Si l’un d’entre nous cède un jour à la médisance - ce qui peut arriver à chacun de nous - qu’il ne s’avise pas cependant de venir communier après au Corps Sacré de Notre Seigneur car la médisance nous sépare de la communion avec Dieu et de la communion avec nos frères. Il n’y a plus alors pour lui qu’une seule voie qui puisse le sauver : LA CONFESSION. La médisance est un péché grave car tout en détruisant le frère « créé à l’image et à la ressemblance de Dieu » il détruit l’unité dans la communauté.

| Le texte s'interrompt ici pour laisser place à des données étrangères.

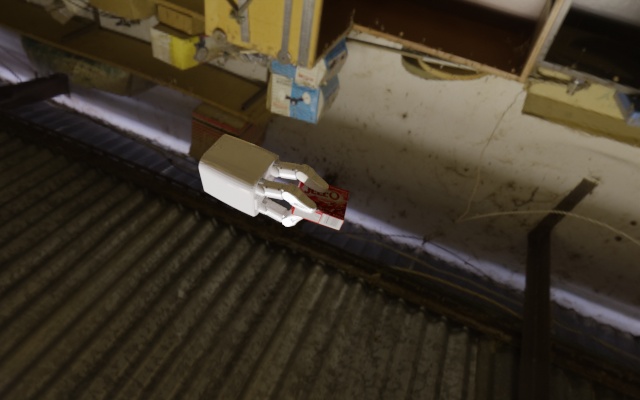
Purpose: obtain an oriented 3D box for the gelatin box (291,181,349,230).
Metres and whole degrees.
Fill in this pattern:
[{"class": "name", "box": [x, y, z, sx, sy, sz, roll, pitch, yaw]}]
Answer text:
[{"class": "gelatin box", "box": [0.000, 0.003, 0.815, 0.089, 0.073, 0.030, 19, -45, -6]}]
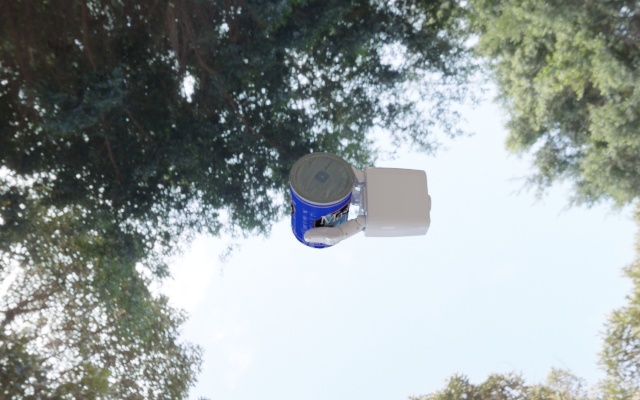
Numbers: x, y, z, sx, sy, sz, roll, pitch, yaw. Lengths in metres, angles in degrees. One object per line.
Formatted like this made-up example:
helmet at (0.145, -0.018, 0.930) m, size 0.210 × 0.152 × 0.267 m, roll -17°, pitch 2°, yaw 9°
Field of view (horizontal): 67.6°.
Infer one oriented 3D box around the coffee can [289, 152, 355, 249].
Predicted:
coffee can at (0.000, 0.003, 0.802) m, size 0.103 × 0.102 × 0.140 m, roll 0°, pitch -36°, yaw -3°
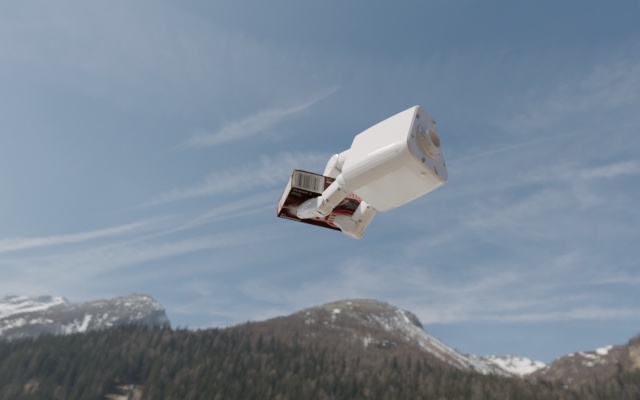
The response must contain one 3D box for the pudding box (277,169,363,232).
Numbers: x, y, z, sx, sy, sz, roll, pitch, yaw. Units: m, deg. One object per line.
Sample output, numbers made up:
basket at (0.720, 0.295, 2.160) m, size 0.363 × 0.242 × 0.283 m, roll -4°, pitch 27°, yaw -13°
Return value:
pudding box at (0.000, 0.002, 0.715) m, size 0.113 × 0.039 × 0.090 m, roll 15°, pitch -35°, yaw -11°
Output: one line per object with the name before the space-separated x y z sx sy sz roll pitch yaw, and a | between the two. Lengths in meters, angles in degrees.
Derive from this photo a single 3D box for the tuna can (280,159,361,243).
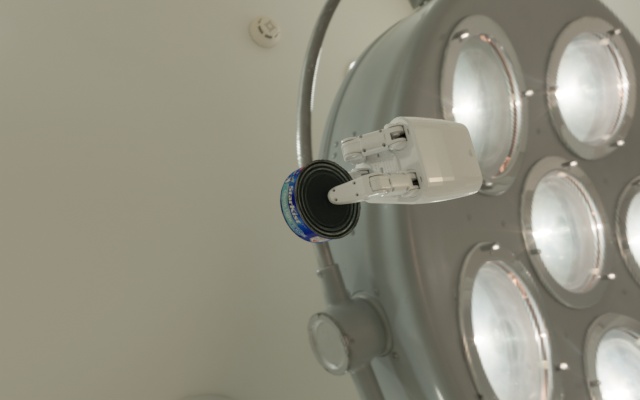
tuna can | 0.000 0.002 0.510 0.086 0.086 0.034 0 -13 -38
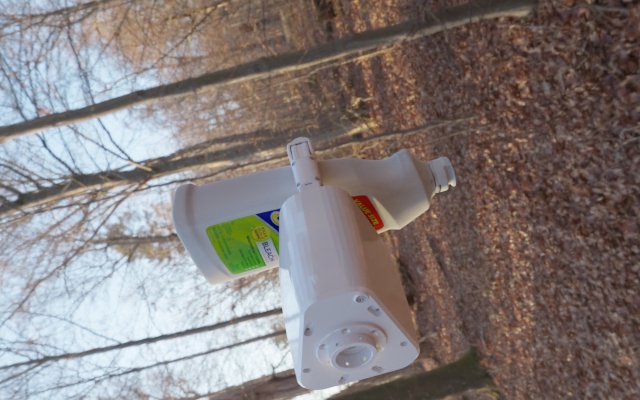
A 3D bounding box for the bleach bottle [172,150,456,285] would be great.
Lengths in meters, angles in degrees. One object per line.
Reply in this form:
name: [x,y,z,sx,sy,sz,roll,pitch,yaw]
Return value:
bleach bottle: [0.000,0.002,0.448,0.251,0.103,0.068,-16,39,2]
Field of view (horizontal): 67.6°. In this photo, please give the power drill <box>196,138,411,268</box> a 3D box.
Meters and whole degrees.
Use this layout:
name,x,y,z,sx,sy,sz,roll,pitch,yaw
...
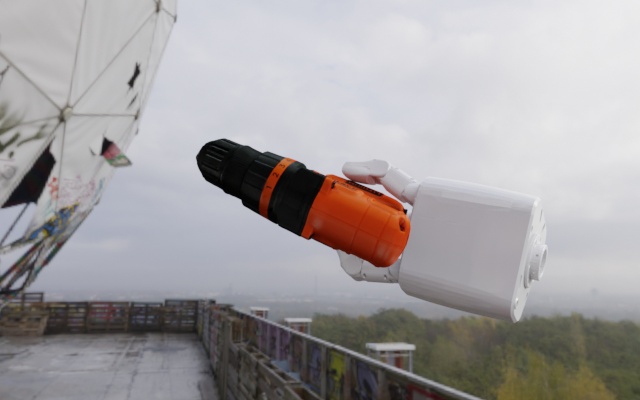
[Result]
name,x,y,z,sx,sy,sz,roll,pitch,yaw
power drill,0.000,0.002,0.439,0.184,0.057,0.187,26,6,16
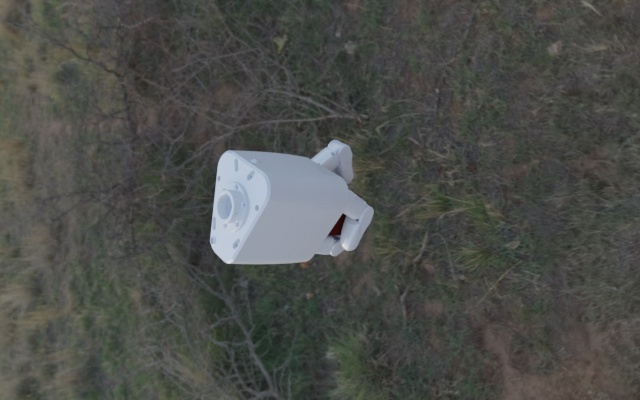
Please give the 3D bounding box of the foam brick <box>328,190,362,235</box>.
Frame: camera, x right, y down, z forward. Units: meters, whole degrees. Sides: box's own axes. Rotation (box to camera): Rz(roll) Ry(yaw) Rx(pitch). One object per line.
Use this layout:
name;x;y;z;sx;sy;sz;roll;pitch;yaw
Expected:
foam brick;0.000;0.002;0.576;0.051;0.053;0.078;4;21;-45
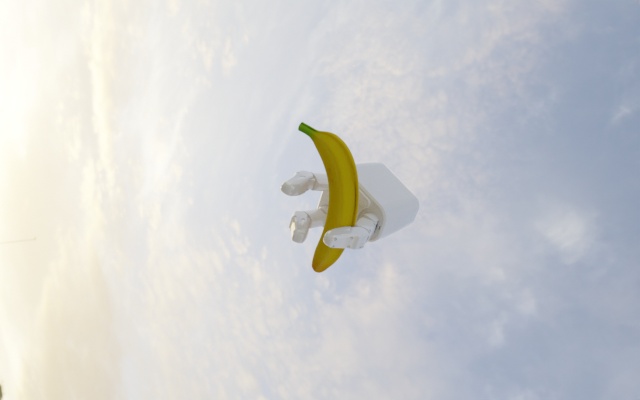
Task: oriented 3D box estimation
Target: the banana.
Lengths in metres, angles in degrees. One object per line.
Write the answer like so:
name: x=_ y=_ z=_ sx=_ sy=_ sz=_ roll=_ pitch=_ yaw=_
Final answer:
banana: x=0.016 y=0.000 z=0.599 sx=0.069 sy=0.198 sz=0.037 roll=4 pitch=15 yaw=30
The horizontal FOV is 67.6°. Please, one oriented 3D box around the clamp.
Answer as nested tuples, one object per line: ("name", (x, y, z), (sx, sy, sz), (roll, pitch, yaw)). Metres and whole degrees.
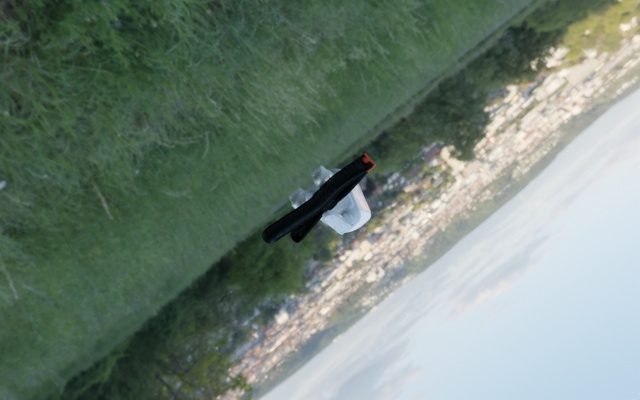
("clamp", (0.001, 0.003, 0.776), (0.210, 0.036, 0.164), (-43, -11, 14))
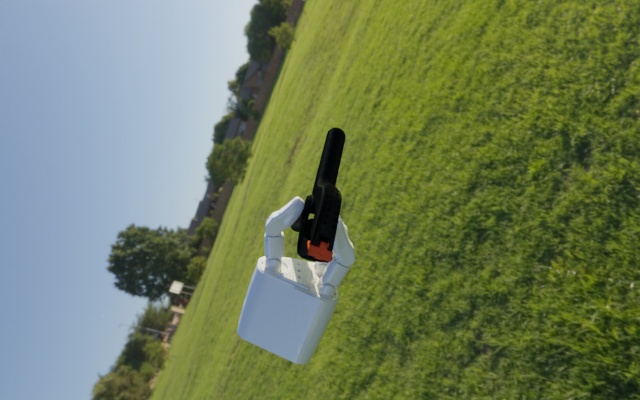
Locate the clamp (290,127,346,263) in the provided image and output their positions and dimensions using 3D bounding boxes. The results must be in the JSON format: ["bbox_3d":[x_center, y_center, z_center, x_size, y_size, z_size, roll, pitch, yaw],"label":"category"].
[{"bbox_3d":[-0.001,0.002,0.589,0.036,0.164,0.210,18,17,-10],"label":"clamp"}]
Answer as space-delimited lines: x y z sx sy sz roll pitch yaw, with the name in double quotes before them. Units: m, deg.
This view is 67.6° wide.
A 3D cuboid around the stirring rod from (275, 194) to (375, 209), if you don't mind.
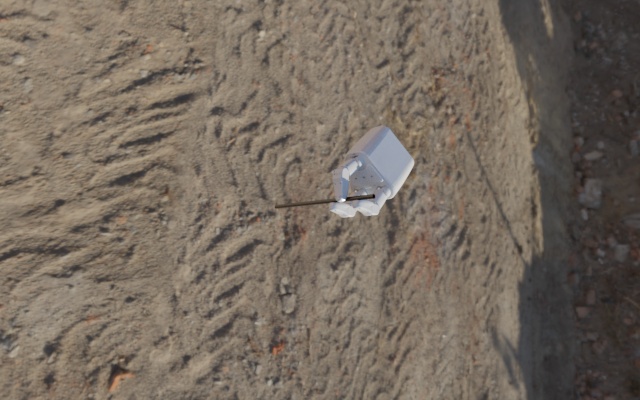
"stirring rod" 0.000 0.003 0.877 0.239 0.011 0.011 -6 -4 42
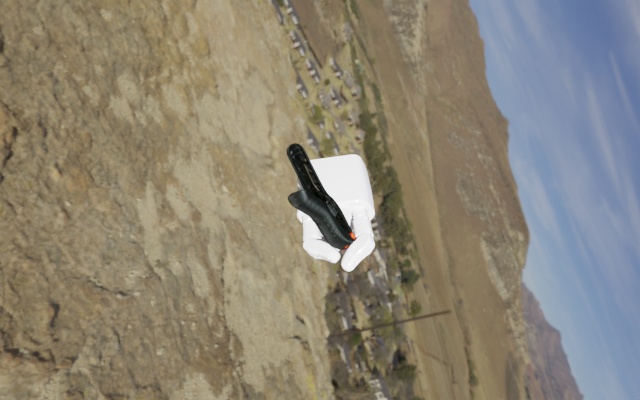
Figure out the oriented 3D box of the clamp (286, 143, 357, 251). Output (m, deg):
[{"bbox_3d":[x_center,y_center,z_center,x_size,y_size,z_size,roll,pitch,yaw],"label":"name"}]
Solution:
[{"bbox_3d":[0.001,0.002,0.659,0.039,0.120,0.172,-19,-43,17],"label":"clamp"}]
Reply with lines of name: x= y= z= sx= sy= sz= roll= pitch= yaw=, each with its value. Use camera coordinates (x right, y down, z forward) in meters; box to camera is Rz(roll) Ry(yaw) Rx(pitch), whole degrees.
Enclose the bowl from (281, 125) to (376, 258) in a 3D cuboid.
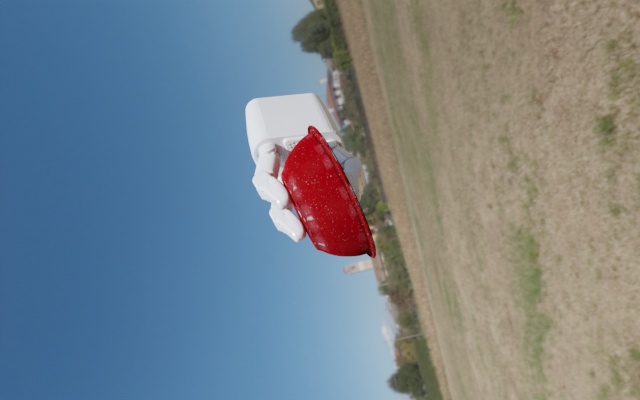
bowl: x=0.000 y=0.002 z=0.525 sx=0.055 sy=0.162 sz=0.162 roll=-26 pitch=2 yaw=-5
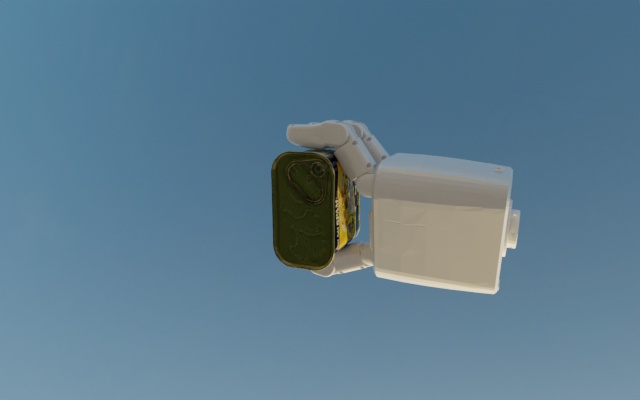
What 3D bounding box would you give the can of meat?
[{"bbox_3d":[0.000,0.001,0.438,0.057,0.102,0.084,4,13,22],"label":"can of meat"}]
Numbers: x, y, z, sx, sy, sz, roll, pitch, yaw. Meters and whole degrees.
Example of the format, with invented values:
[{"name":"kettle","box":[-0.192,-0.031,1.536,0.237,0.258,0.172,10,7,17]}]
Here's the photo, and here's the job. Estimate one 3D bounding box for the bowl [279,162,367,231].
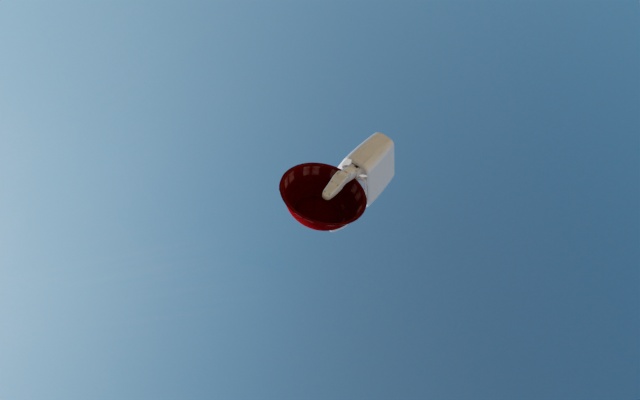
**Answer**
[{"name":"bowl","box":[-0.001,0.004,0.873,0.162,0.055,0.162,10,43,-9]}]
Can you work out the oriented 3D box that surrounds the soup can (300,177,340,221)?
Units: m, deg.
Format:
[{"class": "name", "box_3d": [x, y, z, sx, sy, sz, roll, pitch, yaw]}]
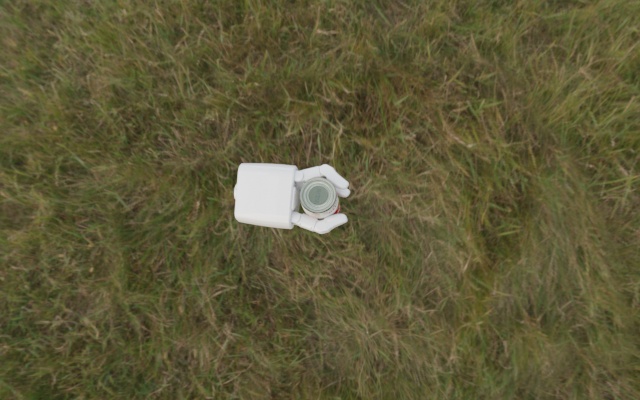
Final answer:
[{"class": "soup can", "box_3d": [0.001, 0.003, 0.884, 0.068, 0.068, 0.102, 0, -15, 6]}]
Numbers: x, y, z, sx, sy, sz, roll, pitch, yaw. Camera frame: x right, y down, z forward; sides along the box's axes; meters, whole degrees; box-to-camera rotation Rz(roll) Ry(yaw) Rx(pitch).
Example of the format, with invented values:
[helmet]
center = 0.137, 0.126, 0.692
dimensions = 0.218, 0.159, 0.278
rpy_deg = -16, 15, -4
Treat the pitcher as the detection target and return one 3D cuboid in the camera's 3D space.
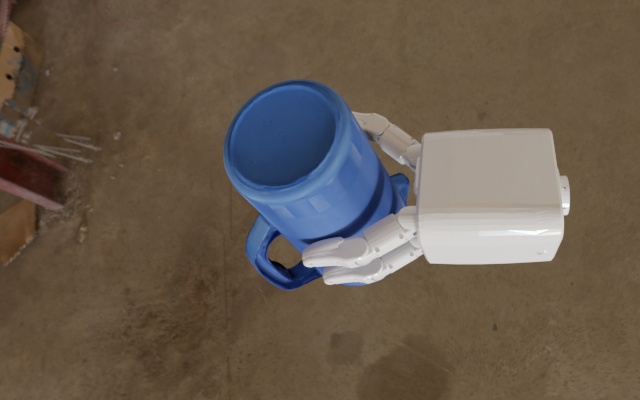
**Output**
[pitcher]
center = 0.000, 0.001, 0.464
dimensions = 0.145, 0.149, 0.243
rpy_deg = 0, -21, 20
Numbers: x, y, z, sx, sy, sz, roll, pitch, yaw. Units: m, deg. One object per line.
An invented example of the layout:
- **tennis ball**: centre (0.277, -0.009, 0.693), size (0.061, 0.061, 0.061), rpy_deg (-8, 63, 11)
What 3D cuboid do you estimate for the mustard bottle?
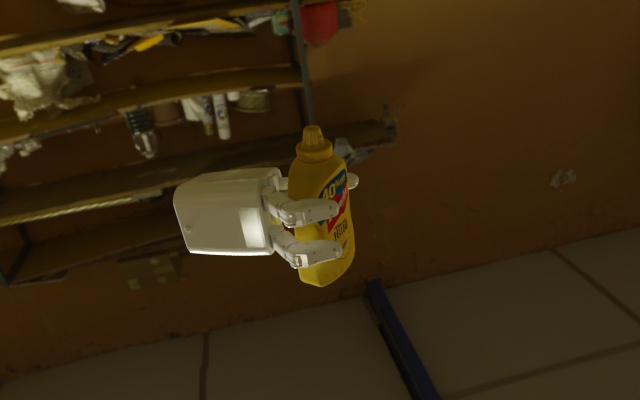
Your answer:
- **mustard bottle**: centre (0.000, 0.002, 0.571), size (0.058, 0.192, 0.096), rpy_deg (12, 36, 30)
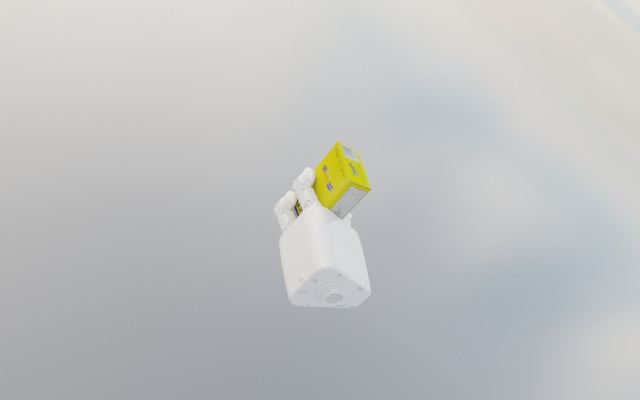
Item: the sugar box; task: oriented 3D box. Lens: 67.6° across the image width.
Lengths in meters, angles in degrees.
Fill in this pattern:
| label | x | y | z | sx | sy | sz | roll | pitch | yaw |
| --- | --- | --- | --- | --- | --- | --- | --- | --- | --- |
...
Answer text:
| label | x | y | z | sx | sy | sz | roll | pitch | yaw |
| --- | --- | --- | --- | --- | --- | --- | --- | --- | --- |
| sugar box | 0.000 | 0.002 | 0.737 | 0.048 | 0.093 | 0.176 | 21 | -53 | -32 |
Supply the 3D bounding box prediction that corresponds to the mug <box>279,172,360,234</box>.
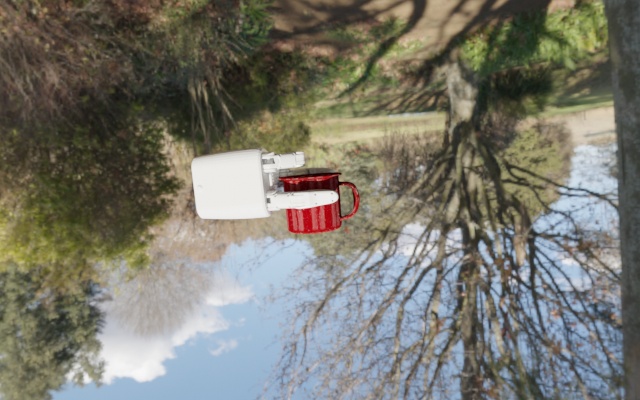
[{"bbox_3d":[0.002,0.002,0.703,0.117,0.081,0.093,-3,6,14],"label":"mug"}]
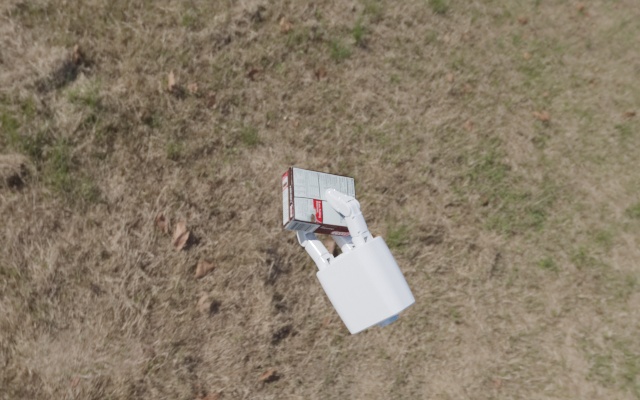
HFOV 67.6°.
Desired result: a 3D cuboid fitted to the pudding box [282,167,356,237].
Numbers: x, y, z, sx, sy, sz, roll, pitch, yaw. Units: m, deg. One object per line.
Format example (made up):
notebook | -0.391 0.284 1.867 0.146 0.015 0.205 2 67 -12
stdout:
pudding box | 0.000 0.002 0.723 0.113 0.090 0.039 10 -28 -27
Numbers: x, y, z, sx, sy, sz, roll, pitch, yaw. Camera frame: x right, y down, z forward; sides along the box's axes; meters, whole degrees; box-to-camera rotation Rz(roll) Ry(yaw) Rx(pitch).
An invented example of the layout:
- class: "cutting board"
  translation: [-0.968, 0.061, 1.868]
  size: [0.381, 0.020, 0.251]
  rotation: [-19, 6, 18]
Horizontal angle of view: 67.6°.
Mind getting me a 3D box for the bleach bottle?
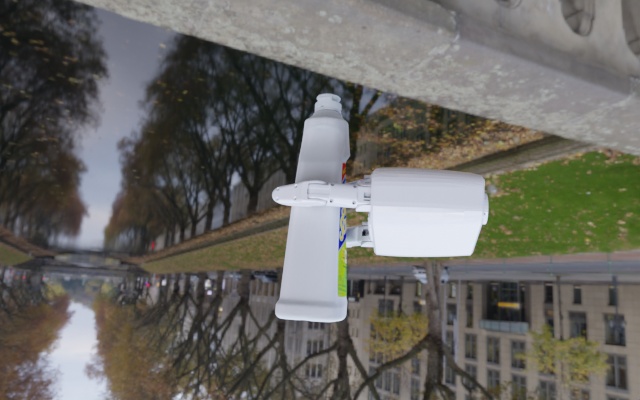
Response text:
- class: "bleach bottle"
  translation: [0.000, 0.002, 0.526]
  size: [0.068, 0.250, 0.102]
  rotation: [2, -11, 11]

Chanoine Dominique Aubert – Curé


Prière pour le temps des vacances

Merci, Seigneur de me donner la joie d’être en vacances.
Donne au moins quelques miettes de cette joie
A ceux qui ne peuvent en prendre
Parce qu’ils sont malades, handicapés,
Ou trop pauvres ou trop occupés…

Donne-moi la grâce de porter, partout où je passe,
Le souffle léger de ta paix
Comme la brise du soir qui vient de la mer
Et qui nous repose de la chaleur des jours.
Donne-moi la grâce d’apporter, partout où je passe,
Un brin d’amitié, comme un brin de muguet,
Un sourire au passant inconnu
Un regard à celui qui est tout seul et qui attend…

Donne-moi la grâce de savoir redécouvrir
Ceux qui vivent à mes côtés et que je ne sais plus voir
Parce qu’ils font "partie des meubles" !
Que je sache les regarder avec émerveillement
Parce que toi tu les aimes et qu’ils sont tes enfants.

Donne-moi la grâce d’être serviable et chaleureux
Pour tous ceux qui m’entourent,
Et que mon « bonjour » ne soit pas une parole distraite,
Mais le souhait véritable d’une bonne journée
Si possible remplie de toi, mon ami, mon Seigneur,
Qui es toujours auprès de moi, même lorsque je l’oublie,
Parce que toi tu ne peux pas cesser un moment
De m’aimer au cœur même de la liberté,
Au cœur de ce temps de vacances qui devrait être rempli de toi.